**EXERCISE:** Copy each line of the entries below that contains the string "item".

—————

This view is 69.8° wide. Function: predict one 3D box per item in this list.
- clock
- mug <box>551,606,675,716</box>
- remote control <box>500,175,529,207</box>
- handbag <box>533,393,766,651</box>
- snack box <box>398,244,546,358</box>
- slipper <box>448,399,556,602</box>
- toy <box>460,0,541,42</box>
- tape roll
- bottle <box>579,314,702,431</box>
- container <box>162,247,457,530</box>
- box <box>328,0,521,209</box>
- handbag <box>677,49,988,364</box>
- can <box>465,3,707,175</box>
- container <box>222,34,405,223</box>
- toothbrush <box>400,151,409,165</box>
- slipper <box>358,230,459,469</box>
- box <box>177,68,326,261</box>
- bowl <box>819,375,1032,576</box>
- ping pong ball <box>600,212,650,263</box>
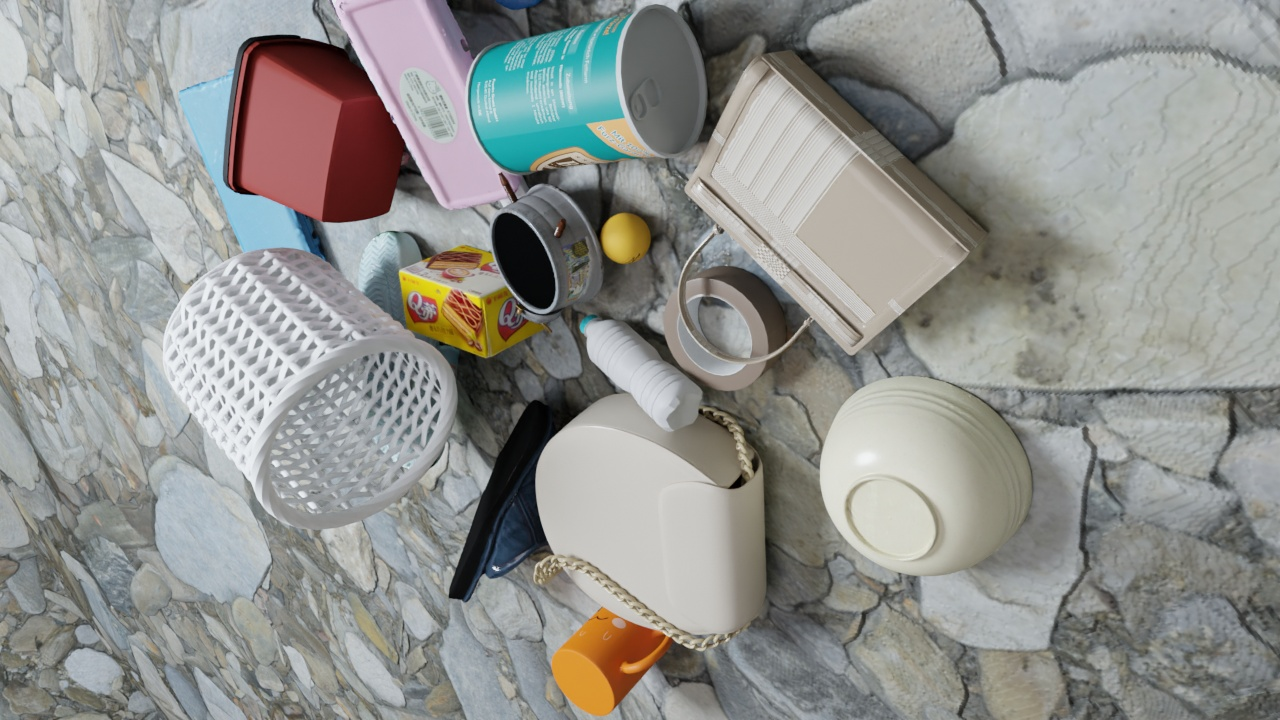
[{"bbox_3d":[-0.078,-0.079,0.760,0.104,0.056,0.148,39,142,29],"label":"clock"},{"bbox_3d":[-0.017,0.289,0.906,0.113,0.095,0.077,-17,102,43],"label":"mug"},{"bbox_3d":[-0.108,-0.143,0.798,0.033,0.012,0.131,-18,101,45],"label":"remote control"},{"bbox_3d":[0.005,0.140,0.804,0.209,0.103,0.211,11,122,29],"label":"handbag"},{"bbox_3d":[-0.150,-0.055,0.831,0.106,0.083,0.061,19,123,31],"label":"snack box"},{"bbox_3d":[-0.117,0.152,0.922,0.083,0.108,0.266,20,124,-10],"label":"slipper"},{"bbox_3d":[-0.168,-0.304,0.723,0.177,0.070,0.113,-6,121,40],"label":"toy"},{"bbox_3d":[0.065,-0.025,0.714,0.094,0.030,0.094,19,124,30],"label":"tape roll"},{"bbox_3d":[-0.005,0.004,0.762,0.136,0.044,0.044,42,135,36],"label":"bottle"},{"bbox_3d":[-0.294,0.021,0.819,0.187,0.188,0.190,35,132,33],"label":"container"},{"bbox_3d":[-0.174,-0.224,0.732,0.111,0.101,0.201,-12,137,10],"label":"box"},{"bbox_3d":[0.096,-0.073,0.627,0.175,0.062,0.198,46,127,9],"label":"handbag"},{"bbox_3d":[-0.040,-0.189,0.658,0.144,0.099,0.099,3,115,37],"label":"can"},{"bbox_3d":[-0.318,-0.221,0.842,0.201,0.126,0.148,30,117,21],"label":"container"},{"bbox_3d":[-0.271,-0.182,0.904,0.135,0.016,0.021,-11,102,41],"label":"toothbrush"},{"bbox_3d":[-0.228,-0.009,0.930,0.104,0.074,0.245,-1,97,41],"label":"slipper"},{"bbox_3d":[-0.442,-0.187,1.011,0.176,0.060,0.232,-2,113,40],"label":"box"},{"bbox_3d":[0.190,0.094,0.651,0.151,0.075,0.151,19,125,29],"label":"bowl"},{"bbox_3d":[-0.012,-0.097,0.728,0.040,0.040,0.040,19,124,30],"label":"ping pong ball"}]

—————

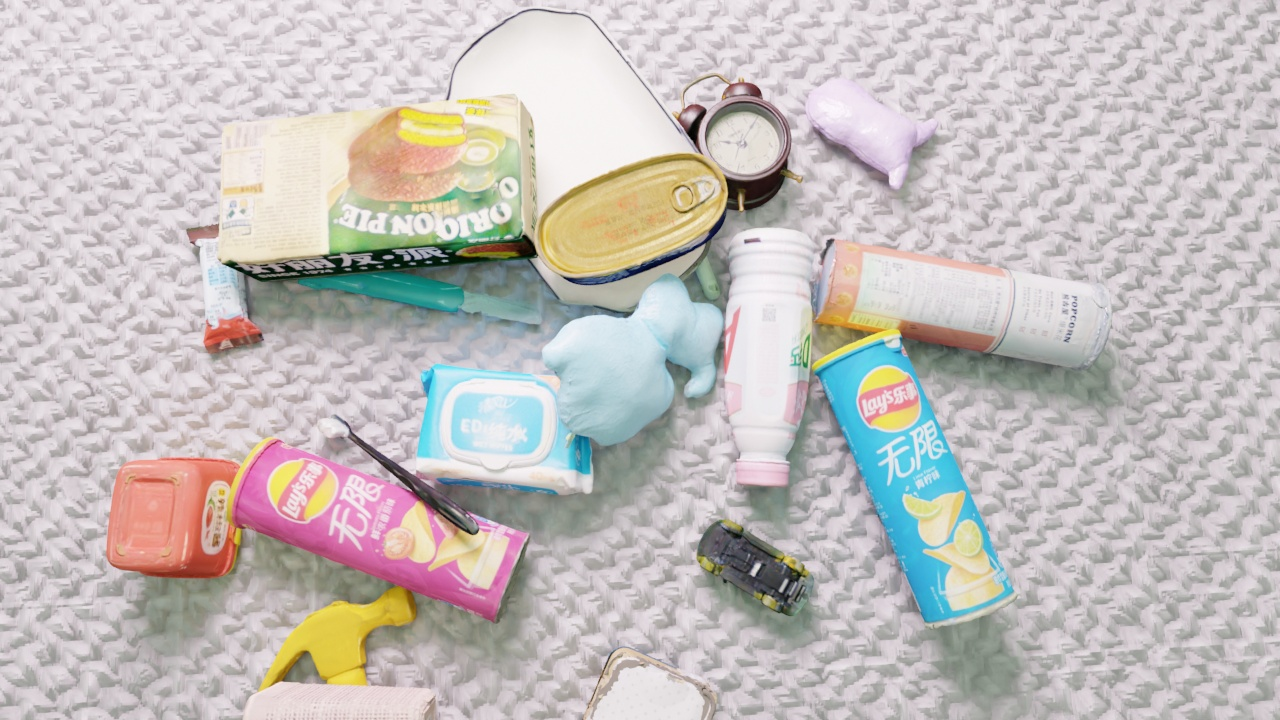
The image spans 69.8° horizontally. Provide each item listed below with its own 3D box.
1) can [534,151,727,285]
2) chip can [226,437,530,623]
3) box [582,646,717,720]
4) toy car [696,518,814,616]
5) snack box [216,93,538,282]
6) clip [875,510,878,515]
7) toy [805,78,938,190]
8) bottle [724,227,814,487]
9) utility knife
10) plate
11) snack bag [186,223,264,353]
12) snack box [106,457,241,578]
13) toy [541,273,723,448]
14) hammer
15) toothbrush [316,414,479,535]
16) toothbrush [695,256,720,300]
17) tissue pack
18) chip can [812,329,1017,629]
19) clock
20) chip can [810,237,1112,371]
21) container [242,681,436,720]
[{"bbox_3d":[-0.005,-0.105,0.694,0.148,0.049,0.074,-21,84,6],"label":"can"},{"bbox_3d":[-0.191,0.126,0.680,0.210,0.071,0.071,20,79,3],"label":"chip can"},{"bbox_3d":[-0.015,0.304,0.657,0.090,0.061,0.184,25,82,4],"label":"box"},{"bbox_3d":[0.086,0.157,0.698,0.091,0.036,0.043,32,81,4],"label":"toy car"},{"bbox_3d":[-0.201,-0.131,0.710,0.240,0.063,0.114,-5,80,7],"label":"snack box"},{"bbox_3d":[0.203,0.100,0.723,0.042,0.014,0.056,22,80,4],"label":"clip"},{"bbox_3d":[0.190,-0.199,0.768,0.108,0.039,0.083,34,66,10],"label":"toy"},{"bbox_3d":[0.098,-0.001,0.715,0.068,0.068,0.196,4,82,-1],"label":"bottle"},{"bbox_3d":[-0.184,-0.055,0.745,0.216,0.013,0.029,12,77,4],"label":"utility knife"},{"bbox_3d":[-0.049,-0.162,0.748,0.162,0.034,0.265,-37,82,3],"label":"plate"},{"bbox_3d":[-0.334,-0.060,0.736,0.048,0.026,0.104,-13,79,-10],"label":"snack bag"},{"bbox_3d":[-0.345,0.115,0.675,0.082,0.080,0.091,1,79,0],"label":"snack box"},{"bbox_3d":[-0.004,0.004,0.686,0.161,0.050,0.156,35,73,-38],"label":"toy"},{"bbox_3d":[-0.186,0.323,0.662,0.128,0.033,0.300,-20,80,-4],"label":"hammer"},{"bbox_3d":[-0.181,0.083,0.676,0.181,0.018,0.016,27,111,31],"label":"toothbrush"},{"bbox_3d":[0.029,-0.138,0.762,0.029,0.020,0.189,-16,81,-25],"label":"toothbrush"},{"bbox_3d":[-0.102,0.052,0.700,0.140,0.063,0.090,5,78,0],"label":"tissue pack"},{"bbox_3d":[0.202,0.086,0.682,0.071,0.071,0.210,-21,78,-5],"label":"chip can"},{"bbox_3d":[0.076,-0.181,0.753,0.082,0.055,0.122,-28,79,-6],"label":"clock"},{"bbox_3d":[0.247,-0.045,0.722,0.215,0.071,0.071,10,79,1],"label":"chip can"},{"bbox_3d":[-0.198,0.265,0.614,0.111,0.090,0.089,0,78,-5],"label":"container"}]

—————

**RESULT OF THIS TASK:**
This view is 69.8° wide. Function: predict one 3D box per item in this list.
The image spans 69.8° horizontally. Provide each item listed below with its own 3D box.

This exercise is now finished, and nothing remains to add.